Mr. Cole is also entitled to various benefits, including benefits available to our other senior executives and certain automobile, air travel and life insurance benefits pursuant to the employment agreement.

In addition to his salary and benefits, Mr. Cole is eligible to receive an additional annual cash bonus for each completed calendar year, including as a performance goal thereunder the targets specified in the employment agreement.

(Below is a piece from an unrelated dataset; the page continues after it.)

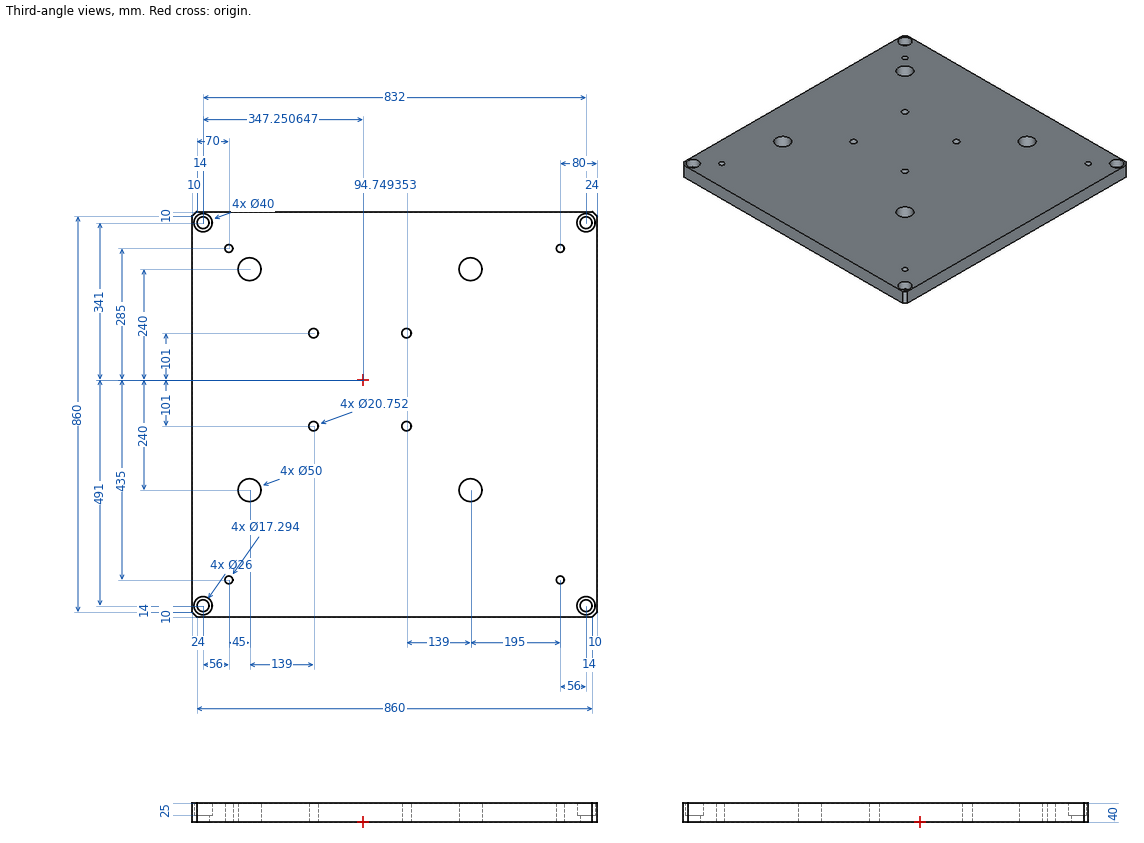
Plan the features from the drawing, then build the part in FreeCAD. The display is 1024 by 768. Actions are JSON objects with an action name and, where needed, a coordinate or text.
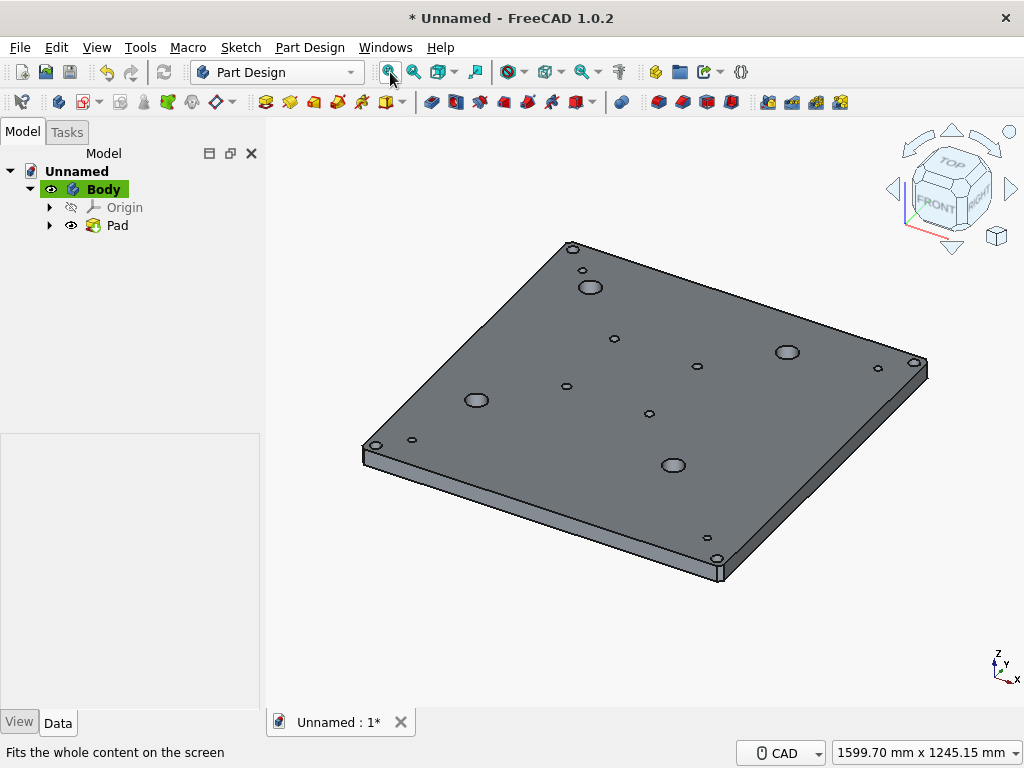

This cash bonus shall not exceed 150% of Mr. Cole’s base salary for the year ended December 31, 2011 and shall not exceed 200% of his base salary for each fiscal year of the term the employment agreement ended after December 31, 2011. The bonus shall be a percentage of the base salary determined based on the level of our consolidated earnings before interest, taxes, depreciation and amortization of fixed assets and intangible assets achieved for such year against a target level established for such year by the compensation committee of our board of directors, in the compensation committee’s sole discretion, but with prior consultation with Mr. Cole, as follows:

For the fiscal year ended December 31, 2011:

 

Annual Level of Targeted EBITDA Achieved

   % of Base Salary  
less than 80%      0
80% (threshold)      50
90%      75
100% (target)      100
105%      110
110%      122.5
115%      135
120% or more (maximum)      150

For fiscal years ended after December 31, 2011:

 

Annual Level of Targeted EBITDA Achieved

   % of Base Salary  
less than 80%      0
80% (threshold)      50
90%      75
100% (target)      100
105%      120
110%      145
115%      170
120% or more (maximum)      200

Mr. Cole’s annual bonus, if earned, will be paid in a lump sum cash payment in the calendar year following the calendar year for which such bonus is earned.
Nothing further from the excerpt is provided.